Christopher T. Fleming’s Ownership and Inheritance in Sanskrit Jurisprudence is an entry into the Sanskrit intellectual milieu through the lens of inheritance. Grounding his study in intellectual history, Fleming immerses the reader in the complex intertextual world of Sanskrit scholasticism in India between the eleventh and nineteenth centuries CE. By connecting the intellectual with the social, Fleming builds on the recent work of the collaborative project Sanskrit Knowledge Systems on the Eve of Colonialism.Footnote 1 This group questions whether traditional methods used in the practice of Western intellectual history can be effectively applied for the study of India, where, in most cases, there is a wealth of textual material but little in terms of historical context.Footnote 2 Fleming’s inquiry comes after a hiatus in Indological studies on ownership. Fleming is writing for historians and philosophers working on South Asia, particularly those who specialize in classical Hindu law.
Fleming examines the evolution of ownership (svatva) through inheritance (dāya) in three distinct Sanskrit scholastic textual traditions: religio-legal-juridical (Dharmaśāstra), scriptural-hermeneutical-philosophical (Mīmāṃsā), and new logic-philosophical (Navya-Nyāya). Fleming must be congratulated for engaging three disciplines to offer a comprehensive understanding of ownership. This is undoubtedly one of the strengths of the book. In the first three chapters, Fleming draws connections between juridical and philosophical thought in what some call regional schools of jurisprudence.

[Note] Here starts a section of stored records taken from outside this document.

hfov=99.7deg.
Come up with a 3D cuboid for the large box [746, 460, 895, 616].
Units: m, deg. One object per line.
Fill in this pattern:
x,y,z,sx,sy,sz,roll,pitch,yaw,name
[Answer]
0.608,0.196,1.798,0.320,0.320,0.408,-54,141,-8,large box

Comparing Sanskrit jurisprudential thinkers to their Western counterparts, Fleming observes, “If Western jurists focused on ownership’s incidents—to the neglect of its coherence as a unitary category—traditional Sanskrit scholars focused on the definition of ownership and property—to the neglect of a rigorous account of its incidents” (4).
Pinning down a precise definition of ownership has always been challenging for property theorists. Dharmaśāstras draw from certain principles in Mīmāṃsā and Nyāya or Navya-Nyāya in order to interpret certain matters.Footnote 3 Under consideration here is inheritance, which operates within the kinship structure of the Hindu joint family and which has generated two diverging responses from scholars on the following question: Does one acquire property from the ways prescribed in the authoritative texts (śāstrika) or from regular ways that are observed in the world (laukika)? In the early Dharmaśāstras, views about this are not explained elaborately. However, the later texts of the genre especially the commentaries and digests deliberate on this topic and seem to side with ownership of property either being śāstrika or laukika. Note that Dharmaśāstrins cannot deviate from the meta-structure of the Dharmaśāstras, and thus, interpreting these earlier texts with methodological tools from hermeneutics and logic becomes crucial for them in presenting their arguments.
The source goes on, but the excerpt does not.